▶

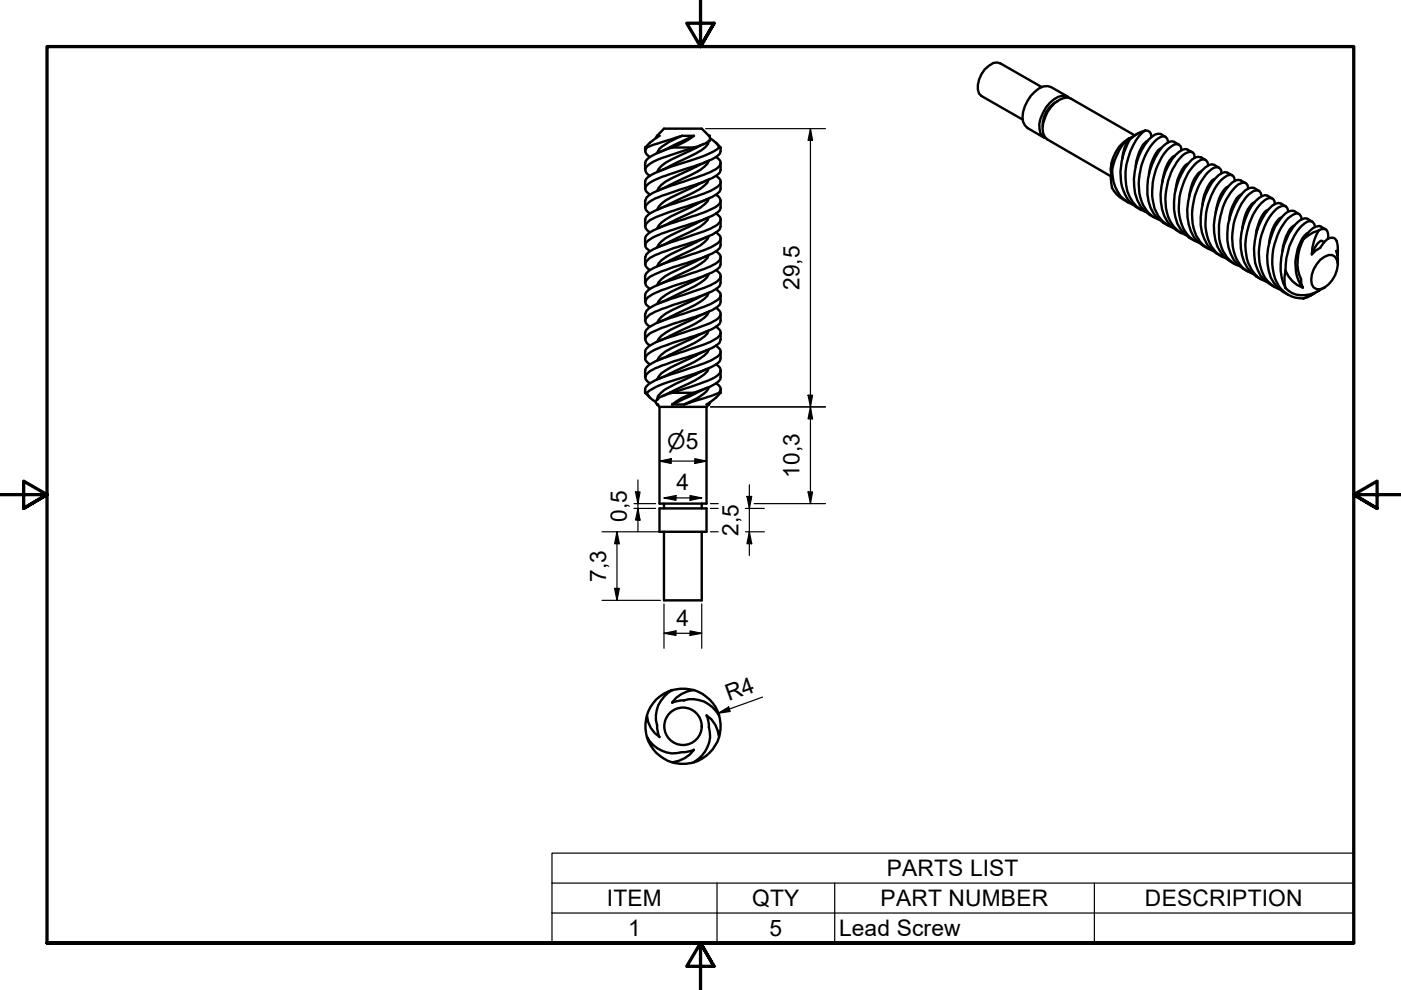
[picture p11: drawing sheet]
<svg xmlns="http://www.w3.org/2000/svg" width="297mm" height="210mm" viewBox="0 0 297 210" stroke-linecap="round" stroke-linejoin="round" font-family="sans-serif">
<defs><g id="words">
<g font-size="4.8">
<text x="169.5" y="61.6" transform="rotate(-90 169.5 61.6)">29,5</text>
<text x="169.5" y="101.3" transform="rotate(-90 169.5 101.3)">10,3</text>
<text x="143.4" y="104">4</text>
<text x="132.9" y="110.7" transform="rotate(-90 132.9 110.7)">0,5</text>
<text x="156.6" y="113.7" transform="rotate(-90 156.6 113.7)">2,5</text>
<text x="128.5" y="123.4" transform="rotate(-90 128.5 123.4)">7,3</text>
<text x="143.4" y="132.6">4</text>
<text x="154.5" y="148.7" transform="rotate(-20 154.5 148.7)">R4</text>
<text x="188" y="185.8">PARTS LIST</text>
<text x="128.7" y="192.2">ITEM</text>
<text x="159.4" y="192.2">QTY</text>
<text x="186.7" y="192.2">PART NUMBER</text>
<text x="242.8" y="192.2">DESCRIPTION</text>
<text x="133.2" y="198.5">1</text>
<text x="163.1" y="198.5">5</text>
<text x="177.9" y="198.5">Lead Screw</text>
</g>
<text font-size="4.6" x="141.5" y="95.3">⌀5</text>
</g></defs>
<!-- layer: Visible (ISO) -->
<g fill="none" stroke="#000" stroke-width=".51">
<path d="M220.9 18.5l-8.8-5.1-.7-.2a4.7 4.7 0 0 0-3.3 2.5 4.7 4.7 0 0 0-.5 4.1l.5 .6 8.8 5M136.8 31.3h.4M136.8 31.3v.7M136.8 34.5v1.5M137.2 31.3l-.4 .5v.5l.4 .5 .6 .5M139.3 28.8l1.5-1.5h8l1.7 1.8a1.2 1.2 0 0 1-1 1.4l-2.4 .8M139.3 28.8h.5l-2 1.5-1 1M139.3 28.8l-.2 .5M139.3 28.8v.3M142.6 31.3h4.5M144.6 28.8l-2.8 1.3a4.8 4.8 0 0 0-2.5 2.4M144.6 28.8l-6.1 1.9-1.3 .6"/>
<path d="M144.6 28.8h2.5M147.1 31.3l-1.2 .4a52.8 52.8 0 0 0-8 2.9 1.47 1.47 0 0 0-.9 1.9l.8 .8M147.1 28.8l-7.5 3.6M147.1 28.8a22.8 22.8 0 0 1-6.9 3.3l-.9 .4a5 5 0 0 0-2.4 1.6l-.1 .4M149.2 30.5l-4.3 2.1a15.3 15.3 0 0 0-5.3 3.2l-.3 .7M149.9 38.2l-5 2.4a15.3 15.3 0 0 0-5.3 3.3l-.3 .6M149.9 34.2l-5 2.4a15.3 15.3 0 0 0-5.3 3.2l-.3 .7M150.2 38.1a5.3 5.3 0 0 1-2.9 2.6l-7.7 3.7M150.3 29.9a4.3 4.3 0 0 1-2.8 2.6l-7.9 3.9M150.3 34.1a5.8 5.8 0 0 1-3 2.6l-7.7 3.7M150.6 29.3a4.5 4.5 0 0 1 1.9 2M151.8 37.3a1.24 1.24 0 0 1 1 1 1.24 1.24 0 0 1-.7 1.3l-1.5 .9-1.4 .6-4.2 1.4a24.1 24.1 0 0 0-7.7 3.2l-.5 .6v.2"/>
<path d="M151.8 33.3a1.24 1.24 0 0 1 1 1 1.24 1.24 0 0 1-.7 1.3 23.3 23.3 0 0 1-6.2 2.6l-.9 .3a39.4 39.4 0 0 0-7.4 2.9l-.6 .5-.2 .6M151.8 30.3l1 1M152.5 31.3a20.5 20.5 0 0 1-7.4 3.2l-4.1 1.3a9.5 9.5 0 0 0-4.1 2.3l-.1 1.9M152.5 31.3h.3M152.8 38.5v1.5a1.68 1.68 0 0 1-1.3 1.4 56 56 0 0 1-9.5 3.5l-3 1.2-1.5 .9a1.24 1.24 0 0 0-.6 1.2 1.24 1.24 0 0 0 .9 1M152.8 34.5v1.5a2.63 2.63 0 0 1-1.8 1.8l-2 .8-4.3 1.4a31.1 31.1 0 0 0-6.8 2.6 1.5 1.5 0 0 0-1 1.8l.9 .8M152.8 31.3a1.72 1.72 0 0 1-.8 1.9 48.5 48.5 0 0 1-9.2 3.5 16.7 16.7 0 0 0-5.6 2.6 .97 .97 0 0 0-.1 1.4l.7 .6M224.2 21.4a5.9 5.9 0 0 0-3.2 5.4M226.4 20.5l-3.6-2a2.99 2.99 0 0 0-3.3 .9 7.3 7.3 0 0 0-2.6 6.4l.4 .8 .6 .5 3.5 2.1M226.7 20.7a2.52 2.52 0 0 0-3.2 .4 8.1 8.1 0 0 0-3.2 5.2l.3 2 .5 .7 .6 .3M235.5 36.2l.4-2.2-.3 1.6-.1 2.5M235.6 36.3v.2"/>
<path d="M235.8 36.1a7.4 7.4 0 0 0 4.3 7.2M235.8 36.1l-.2 1.4a4.6 4.6 0 0 0 2.5 4.8l1 .6M239.3 29.4a10.5 10.5 0 0 0-1.4 4.3M239.3 29.4a11.5 11.5 0 0 0-3.5 6.7M239.5 29.3a7.9 7.9 0 0 0-4 6.7M239.6 29.5a13.5 13.5 0 0 0-1.4 10.9 6.8 6.8 0 0 0 3.8 4.1M240.1 29l-.8 .4M240.5 28.7l-13.4-7.8a3.2 3.2 0 0 0-3.5 .9 7.7 7.7 0 0 0-2.4 6.5l.4 .8 .5 .5 13.4 7.8M241.2 28.3l-1.6 1.2M242.8 27.7a1.15 1.15 0 0 1 1.3 1.4M242.8 27.7a10.1 10.1 0 0 0-3.6 5.8 12 12 0 0 0 .3 8.3 5.9 5.9 0 0 0 3.4 3.1M242.8 27.7l-1.1 .3-2.1 1.5"/>
<path d="M243.4 29.8a3.9 3.9 0 0 0-1.8 2.4l-.7 2-.1 1.1M246.2 31.5a2.41 2.41 0 0 0-1.4 1.5 10.3 10.3 0 0 0-1.2 3.9M247.1 29.1l-1-.7a2.51 2.51 0 0 0-2.6 1.2 13.5 13.5 0 0 0-2.3 12.9 6.9 6.9 0 0 0 3.6 3.6M247.6 30.2a1.14 1.14 0 0 0-.6-1.3 1.14 1.14 0 0 0-1.4 .4 13 13 0 0 0-4 11.6 7.1 7.1 0 0 0 4.1 5.7M249 33.1a3.2 3.2 0 0 0-1.8 2.4l-.8 3.1M249.9 30.6l-1-.5a2.51 2.51 0 0 0-2.6 1.2 13.8 13.8 0 0 0-2.3 12.8l.7 1.3 .9 1 1 .8M250.5 31.8a1.15 1.15 0 0 0-.7-1.2 1.15 1.15 0 0 0-1.3 .4 11.4 11.4 0 0 0-4.1 7.6 11 11 0 0 0 1.2 7.2 6.4 6.4 0 0 0 3 2.4M251.8 34.7a5.5 5.5 0 0 0-2.1 3.3l-.5 2.2M252.8 32.3l-1-.6a2.51 2.51 0 0 0-2.6 1.2 13.3 13.3 0 0 0-2.4 12.9 6.7 6.7 0 0 0 3.6 3.6M253.3 33.4a1.02 1.02 0 0 0-.4-1.1 1.02 1.02 0 0 0-1.2 .1 8 8 0 0 0-3.4 4.2 13.1 13.1 0 0 0-.3 10 6.3 6.3 0 0 0 3.4 3.2M254.6 33.4a2.15 2.15 0 0 0-2.6 1.2 13.5 13.5 0 0 0-2.4 12.8 7.3 7.3 0 0 0 3.7 3.6M254.6 33.3l1.1 .6"/>
<path d="M254.7 36.4a5 5 0 0 0-2.2 3.3l-.4 2.1M256.2 35.1a1.15 1.15 0 0 0-.7-1.2 1.15 1.15 0 0 0-1.4 .3 13 13 0 0 0-4 11.6 6.8 6.8 0 0 0 4.2 5.7M257.5 37.9a5.5 5.5 0 0 0-2.2 3.4l-.3 2.2M258.4 35.5l-1-.5a2.51 2.51 0 0 0-2.6 1.2 13.4 13.4 0 0 0-2.3 12.8 6.7 6.7 0 0 0 3.6 3.7M259 36.7a1.14 1.14 0 0 0-.7-1.2 1.14 1.14 0 0 0-1.4 .3 12.9 12.9 0 0 0-3.3 14.1 6.3 6.3 0 0 0 3.4 3.2M260.3 39.6a4.9 4.9 0 0 0-2.1 3.4l-.5 2.1M261.3 37.2l-1.1-.6a2.47 2.47 0 0 0-2.5 1.2 13.9 13.9 0 0 0-2.9 11.4 7 7 0 0 0 4.2 5.1M261.8 38.4a1.15 1.15 0 0 0-.7-1.2 1.15 1.15 0 0 0-1.3 .3 11 11 0 0 0-3.9 6.7 10.3 10.3 0 0 0 2 9.4l1.2 .9 .8 .2M264.1 38.8l-1-.5a2.25 2.25 0 0 0-2.6 1.2 13.3 13.3 0 0 0-2.4 12.8 6.7 6.7 0 0 0 3.6 3.7M264.6 40a1.02 1.02 0 0 0-.4-1.1 1.02 1.02 0 0 0-1.2 0 9.7 9.7 0 0 0-4 6 11.2 11.2 0 0 0 .7 9 5.7 5.7 0 0 0 3 2.5M136.8 42.5v1.5M136.8 46.5v1.5"/>
<path d="M136.8 54.5v1.5M149.9 46.2l-5 2.4a15.3 15.3 0 0 0-5.3 3.3l-.3 .6M149.9 42.2l-5 2.4a15.3 15.3 0 0 0-5.3 3.3l-.3 .6M149.9 58.2l-5 2.4a15.3 15.3 0 0 0-5.3 3.3l-.3 .6M149.9 54.2l-5 2.4a15.3 15.3 0 0 0-5.3 3.3l-.3 .6M149.9 50.2l-5 2.4a15.3 15.3 0 0 0-5.3 3.3l-.3 .6M150.2 46.1a5.3 5.3 0 0 1-2.9 2.6l-7.7 3.7M150.2 54.1a5.3 5.3 0 0 1-2.9 2.6l-7.7 3.7M150.3 42.1a5.8 5.8 0 0 1-3 2.6l-7.7 3.7M150.3 58.1a5.8 5.8 0 0 1-3 2.6l-7.7 3.6M150.3 50.1a5.8 5.8 0 0 1-3 2.6l-7.7 3.7M151.8 45.2a1.71 1.71 0 0 1 1 1.5 4.5 4.5 0 0 1-2.8 2l-5 1.8a39.4 39.4 0 0 0-7.4 2.9l-.6 .5-.2 .6"/>
<path d="M151.8 41.3a1.24 1.24 0 0 1 1 1 1.24 1.24 0 0 1-.7 1.3 46.9 46.9 0 0 1-9.8 3.7l-3.7 1.5a3 3 0 0 0-1.8 1.7v1.5M151.8 57.2a1.71 1.71 0 0 1 1 1.5 4.5 4.5 0 0 1-2.8 2l-5 1.8a42.9 42.9 0 0 0-7 2.6 2.2 2.2 0 0 0-1.2 1.4M151.8 53.2a1.71 1.71 0 0 1 1 1.5l-.1 .3a9 9 0 0 1-4.2 2.3l-3.5 1.2a29.6 29.6 0 0 0-7.4 2.9l-.8 .9v1.7M151.8 49.2l.7 .7a1.1 1.1 0 0 1-.4 1.7l-1.5 .9-1.4 .6-5.1 1.7a21.1 21.1 0 0 0-6.8 2.9l-.5 .8v1.5M152.8 58.5v1.5a2.53 2.53 0 0 1-1.8 1.8l-3.7 1.4-2.6 .8a26.6 26.6 0 0 0-7.2 3l-.5 .5a1.22 1.22 0 0 0 .8 1.8M152.8 42.5v1.5a2.98 2.98 0 0 1-2.4 2l-1.4 .6-5.3 1.8a19.7 19.7 0 0 0-6.5 2.9 .97 .97 0 0 0-.1 1.4l.7 .5M152.8 54.5v1.5a2.63 2.63 0 0 1-1.8 1.8l-2 .8-4.3 1.4a26.6 26.6 0 0 0-7.2 3 1.1 1.1 0 0 0-.4 1.7l.7 .5M152.8 50.5v1.5a1.68 1.68 0 0 1-1.3 1.4 56 56 0 0 1-9.5 3.5 12.6 12.6 0 0 0-4.8 2.4 1.18 1.18 0 0 0 .6 1.9M152.8 46.5v1.5a2.63 2.63 0 0 1-1.8 1.8l-3.7 1.4-2.6 .8a26.6 26.6 0 0 0-7.2 3l-.5 .5a1.22 1.22 0 0 0 .8 1.7M246.6 47.2l1 .6M263.2 41.2a2.67 2.67 0 0 0-1.5 1.6 8.3 8.3 0 0 0-1.1 4M266 42.9a5 5 0 0 0-2.2 3.3l-.4 2.2"/>
<path d="M267 40.5l-1.1-.7a2.47 2.47 0 0 0-2.6 1.3 14 14 0 0 0-2.8 11.4 7 7 0 0 0 4.1 5.1M267.5 41.6a1.15 1.15 0 0 0-.7-1.2 1.15 1.15 0 0 0-1.4 .3 11.1 11.1 0 0 0-4 7.7 9.5 9.5 0 0 0 2.1 8.4l.7 .5 1.4 .7M268.9 44.5a4.8 4.8 0 0 0-2.2 3.4l-.3 1-.1 1.1M269.7 42.1l-1-.6a2.51 2.51 0 0 0-2.6 1.2 13.8 13.8 0 0 0-2.3 12.8 7.3 7.3 0 0 0 3.6 3.7M270.3 43.3a1.14 1.14 0 0 0-.7-1.3 1.14 1.14 0 0 0-1.4 .4 13 13 0 0 0-3.6 13.3 6.5 6.5 0 0 0 3.8 4M271.5 43.2a2.47 2.47 0 0 0-2.5 1.2 13.9 13.9 0 0 0-2.9 11.4 7 7 0 0 0 4.2 5.1M271.6 43.2l1 .5M271.7 46.1a4.9 4.9 0 0 0-2.2 3.4l-.5 2.2M272.5 57.4a6.2 6.2 0 0 0 3.7 3.6M272.5 57.4l-.1 1.3 .1 2.4M273.1 44.9a1.17 1.17 0 0 0-.7-1.2 1.17 1.17 0 0 0-1.3 .3 13 13 0 0 0-4.1 11.5 6.8 6.8 0 0 0 4.2 5.8M274.5 47.8a2.67 2.67 0 0 0-1.5 1.6 11 11 0 0 0-1.1 3.8"/>
<path d="M275.4 45.4l-1-.7a2.44 2.44 0 0 0-2.6 1.3 13.8 13.8 0 0 0-2.4 12.8 6.8 6.8 0 0 0 3.6 3.7M276 46.5a1.12 1.12 0 0 0-.6-1.2 1.12 1.12 0 0 0-1.3 .3 10.4 10.4 0 0 0-3.9 6.3 10.7 10.7 0 0 0 1.5 9.5 5.9 5.9 0 0 0 4.7 1.9M277.2 46.4a2.09 2.09 0 0 0-2.1 .8 13.4 13.4 0 0 0-3.1 12.7l.5 1.2M277.2 46.4l1.1 .6M277.3 49.4l-.2 .1a9.6 9.6 0 0 0-1.8 9.9l.9 1.6-.3-.8-.1-1a9.9 9.9 0 0 1 .6-8.5M278.8 48.2a1.14 1.14 0 0 0-.7-1.3 1.14 1.14 0 0 0-1.4 .4 12.2 12.2 0 0 0-4.1 8.7l-.1 1.4M279.6 48.9l-1.1 .3-2.1 1.5M279.9 55.1l.9-.6 .9-.4a1.7 1.7 0 0 1 2 1.9 5.9 5.9 0 0 1-3.8 5.3h-.8l-.6-.4a3.7 3.7 0 0 1 0-3.8zM280.7 51.3l-.4-.2a1.34 1.34 0 0 0-1.3 1l-.9 1.8 .9-.8 .9-.6a3.7 3.7 0 0 1 2.5-2.1l.4 .1a2.25 2.25 0 0 1 .9 2.3v.8M281.1 48.6l-1.1-.6a2.56 2.56 0 0 0-2.6 1.3l-1 1.4M281.6 50.6a1.97 1.97 0 0 0-.7-2.1l-.8 .1-.5 .3a10.3 10.3 0 0 0-1.5 5M283.6 54.1v-.8l-.3-.1 .4 1.6v1.2"/>
<path d="M136.8 66.5v1.5M136.8 78.5v1.5M149.9 62.2l-5 2.4a15.3 15.3 0 0 0-5.3 3.3l-.3 .6M149.9 78.2l-5.1 2.5a19.2 19.2 0 0 0-4.7 2.6l-.6 .7-.2 .7M149.9 74.2l-6.3 3.1a10.2 10.2 0 0 0-4 2.6l-.3 .6M149.9 70.2l-5 2.4a15.3 15.3 0 0 0-5.3 3.3l-.3 .6M149.9 66.2l-5 2.4a15.3 15.3 0 0 0-5.3 3.3l-.3 .6M150.2 62.1a5.3 5.3 0 0 1-2.9 2.6l-7.7 3.6M150.2 78.1a5.3 5.3 0 0 1-2.9 2.6l-6.9 3.3M150.2 70.1a5.3 5.3 0 0 1-2.9 2.6l-7.7 3.6M150.3 74.1a5.8 5.8 0 0 1-3 2.6l-7.7 3.6M150.3 66.1a5.8 5.8 0 0 1-3 2.6l-7.7 3.6"/>
<path d="M151.8 61.2l.7 .7a1.04 1.04 0 0 1-.4 1.7 25 25 0 0 1-6.2 2.6l-1.8 .6a22.6 22.6 0 0 0-6.8 2.9l-.5 .8v1.5M151.8 77.3a1.26 1.26 0 0 1 1 1 1.26 1.26 0 0 1-.6 1.2 34 34 0 0 1-8.5 3.4l-1.1 .4M151.8 73.3l.7 .6a1.04 1.04 0 0 1-.4 1.7 23.3 23.3 0 0 1-6.2 2.6l-.9 .3a24.1 24.1 0 0 0-7.7 3.2 1.48 1.48 0 0 0-.5 1.6M151.8 69.3a1.71 1.71 0 0 1 1 1.4 6 6 0 0 1-3.6 2.4l-5.1 1.7a21.1 21.1 0 0 0-6.8 2.9l-.5 .6v.2M151.8 65.2a1.71 1.71 0 0 1 1 1.5l-.7 .9a23.3 23.3 0 0 1-6.2 2.6l-.9 .3a29.6 29.6 0 0 0-7.4 2.9l-.8 .9v1.7M152.8 74.5v1.5a2.65 2.65 0 0 1-2 1.8l-3.5 1.4a44 44 0 0 0-9.6 3.6l-.5 .5M152.8 70.5v1.5a2.53 2.53 0 0 1-1.8 1.8l-3.7 1.4-3.6 1.2a23.3 23.3 0 0 0-6.2 2.6 1.24 1.24 0 0 0-.6 1.2 1.24 1.24 0 0 0 .9 1.1M152.8 66.5v1.5a2.53 2.53 0 0 1-1.8 1.8 71.9 71.9 0 0 1-9 3.1l-3 1.2a3.4 3.4 0 0 0-2.2 1.8 1.29 1.29 0 0 0 1 1.4M152.8 78.5v1.5a2.23 2.23 0 0 1-1.6 1.6l-.8 .5-3.3 1.2M152.8 62.5v1.5a1.65 1.65 0 0 1-1.3 1.4 56.3 56.3 0 0 1-9.5 3.5l-2.4 .9a3.9 3.9 0 0 0-2.8 2.1 1.53 1.53 0 0 0 1 1.4M278.7 62.2l-1.5 .8-.8 .3M279.3 61.8l-1.4 .8-1.5 .7"/>
<path d="M280.8 61l-1.1 .6a5.9 5.9 0 0 1-6.5 0l-.7-.5M136.8 83.3h.4M136.8 83.3l1 1M137.2 83.3a3.7 3.7 0 0 0 1.9 2M139.8 86.3v20.5h10v-20.5M139.8 86.3h10M142.5 85.8h2.5M142.6 83.3l-1 .2a4.3 4.3 0 0 0-2.5 1.6v.3l.7 .9M142.6 83.3h4.5M147.1 83.3a14.4 14.4 0 0 0-4.6 2.5M149.9 82.2l-7.4 3.6M150.3 82.1a6.1 6.1 0 0 1-3.4 2.8l-1.9 .9 7.5-2.5"/>
<path d="M150.3 85.4v.4M150.3 85.8l-.5 .5M150.6 85.3l-.3 .5M151.8 81.3l.7 .5 .3 .5v.5l-.3 .5M152.5 83.3h.3M152.8 83.3l-1 1-2 1.5h.5M152.8 82.5v.8M139.8 107.8h10v4.9h-10zM140.8 112.7v14.6h8v-14.6M140.8 106.8v1M148.8 106.8v1M137.2 151.7l-.3 1.3-.1 1.3 .4 2"/>
<path d="M139.8 156.2a5.9 5.9 0 0 1-2.6-4.5 7.9 7.9 0 0 1 5.4-5.4 6.4 6.4 0 0 0-3.3 7.5l.2 1.5 .3 1M142.5 148.9a6.7 6.7 0 0 1 4.6-2.6 8.2 8.2 0 0 1 5.4 5.4 6.4 6.4 0 0 0-7.5-3.2l-1.5 .2-1 .3M142.6 146.3l1.9-.3 1.3 .1 1.3 .2M147.1 159a6.7 6.7 0 0 1-4.5 2.6 7.9 7.9 0 0 1-5.4-5.4 6.5 6.5 0 0 0 7.4 3.3l1.5-.2 1-.3M150.3 154.1a6.7 6.7 0 0 1-3.2 7.5 8.2 8.2 0 0 0 5.4-5.4 6.1 6.1 0 0 0-2.7-4.5l.3 1 .2 1.5M152.5 151.7l.3 2-.1 1.3-.2 1.3M142.6 161.6l1.2 .3 1.3 .1 2-.4"/>
<circle cx="144.8" cy="154" r="4"/>
</g>
<g fill="#000">
<circle cx="150.3" cy="28.8" r=".25"/>
<circle cx="150.3" cy="29.9" r=".25"/>
<circle cx="139.3" cy="84.7" r=".25"/>
<circle cx="139.3" cy="85.8" r=".25"/>
</g>
<!-- layer: Symbol (ISO) -->
<path d="M117 187.2v-6.3h170v6.3M117 187.2h170v6.4M117 187.2v12.7h170v-6.3M117 193.6h170M152 187.2v12.7M177 187.2v12.7M232 187.2v12.7" fill="none" stroke="#000" stroke-width=".25"/>
<!-- layer: Border (ISO) -->
<path d="M148.5 -.1v10l-2.9-5h5.8l-2.9 5 2.9-5M0 104.9h10l-5-2.9v5.8l5-2.9-5 2.9M297 104.9h-10l5-2.9v5.8l-5-2.9 5 2.9M10 199.9v-190h277v190h-277h277M151.4 204.9l-2.9-5 2.9 5h-5.8l2.9-5v10" fill="none" stroke="#000" stroke-width=".7"/>
<!-- layer: Dimension (ISO) -->
<g fill="none" stroke="#000" stroke-width=".25">
<path d="M149.6 27.3h25.4M171.8 27.3l.5 2.5h-1zM171.8 27.3v79.5M139.8 97.8l2.5-.5v1zM139.8 97.8h10M147.3 97.3l2.5 .5-2.5 .5zM150.6 86.3h24.4M171.3 83.8h1l-.5 2.5zM171.8 86.3l.5 2.5h-1zM127.6 112.7h12.4M130.8 112.7l.5 2.6h-1zM130.8 112.7v14.6"/>
<path d="M134.4 106.8h4.6M134.4 107.8h4.6M134.7 104.3h1l-.4 2.5zM135.3 107.8l.4 2.5h-1zM135.3 101.8v10.9M140.8 105.6l2.5-.5v1zM140.8 105.6h8M146.3 105.1l2.5 .5-2.5 .5zM150.6 106.8h1.7M150.6 107.8h1.7M150.6 112.7h1.7M158.1 107.8h4"/>
<path d="M158.1 112.7h4M158.4 105.3h1l-.5 2.5zM158.9 112.7l.5 2.6h-1zM158.9 102.8v15M159.9 106.8h15.1M171.3 104.3h1l-.5 2.5zM127.6 127.3h12.4M130.3 124.7h1l-.5 2.6zM140.8 134.3l2.5-.5v.9zM140.8 134.3h8M140.8 128.1v9.3M146.3 133.8l2.5 .5-2.5 .4z"/>
<path d="M148.8 128.1v9.3M152.3 151.2l2.2-1.3 .3 .9zM161.7 147.8l-9.4 3.4"/>
</g>
<g fill="#000">
<path d="M171.8 27.3l.5 2.5h-1zM139.8 97.8l2.5-.5v1zM147.3 97.3l2.5 .5-2.5 .5zM171.3 83.8h1l-.5 2.5zM171.8 86.3l.5 2.5h-1zM130.8 112.7l.5 2.6h-1zM134.7 104.3h1l-.4 2.5zM135.3 107.8l.4 2.5h-1zM140.8 105.6l2.5-.5v1zM146.3 105.1l2.5 .5-2.5 .5zM158.4 105.3h1l-.5 2.5zM158.9 112.7l.5 2.6h-1z"/>
<path d="M171.3 104.3h1l-.5 2.5zM130.3 124.7h1l-.5 2.6zM140.8 134.3l2.5-.5v.9zM146.3 133.8l2.5 .5-2.5 .4zM152.3 151.2l2.2-1.3 .3 .9z"/>
</g>
<use href="#words"/>
</svg>

◀

*ACTIVITY*:
The answer should consist of the lines from the one with "27.3h25.4M171.8 27.3l.5 2.5h-1zM171.8" through the last line of the entries, duplicated exactly and nothing more.

*YOUR RESPONSE*:
<path d="M149.6 27.3h25.4M171.8 27.3l.5 2.5h-1zM171.8 27.3v79.5M139.8 97.8l2.5-.5v1zM139.8 97.8h10M147.3 97.3l2.5 .5-2.5 .5zM150.6 86.3h24.4M171.3 83.8h1l-.5 2.5zM171.8 86.3l.5 2.5h-1zM127.6 112.7h12.4M130.8 112.7l.5 2.6h-1zM130.8 112.7v14.6"/>
<path d="M134.4 106.8h4.6M134.4 107.8h4.6M134.7 104.3h1l-.4 2.5zM135.3 107.8l.4 2.5h-1zM135.3 101.8v10.9M140.8 105.6l2.5-.5v1zM140.8 105.6h8M146.3 105.1l2.5 .5-2.5 .5zM150.6 106.8h1.7M150.6 107.8h1.7M150.6 112.7h1.7M158.1 107.8h4"/>
<path d="M158.1 112.7h4M158.4 105.3h1l-.5 2.5zM158.9 112.7l.5 2.6h-1zM158.9 102.8v15M159.9 106.8h15.1M171.3 104.3h1l-.5 2.5zM127.6 127.3h12.4M130.3 124.7h1l-.5 2.6zM140.8 134.3l2.5-.5v.9zM140.8 134.3h8M140.8 128.1v9.3M146.3 133.8l2.5 .5-2.5 .4z"/>
<path d="M148.8 128.1v9.3M152.3 151.2l2.2-1.3 .3 .9zM161.7 147.8l-9.4 3.4"/>
</g>
<g fill="#000">
<path d="M171.8 27.3l.5 2.5h-1zM139.8 97.8l2.5-.5v1zM147.3 97.3l2.5 .5-2.5 .5zM171.3 83.8h1l-.5 2.5zM171.8 86.3l.5 2.5h-1zM130.8 112.7l.5 2.6h-1zM134.7 104.3h1l-.4 2.5zM135.3 107.8l.4 2.5h-1zM140.8 105.6l2.5-.5v1zM146.3 105.1l2.5 .5-2.5 .5zM158.4 105.3h1l-.5 2.5zM158.9 112.7l.5 2.6h-1z"/>
<path d="M171.3 104.3h1l-.5 2.5zM130.3 124.7h1l-.5 2.6zM140.8 134.3l2.5-.5v.9zM146.3 133.8l2.5 .5-2.5 .4zM152.3 151.2l2.2-1.3 .3 .9z"/>
</g>
<use href="#words"/>
</svg>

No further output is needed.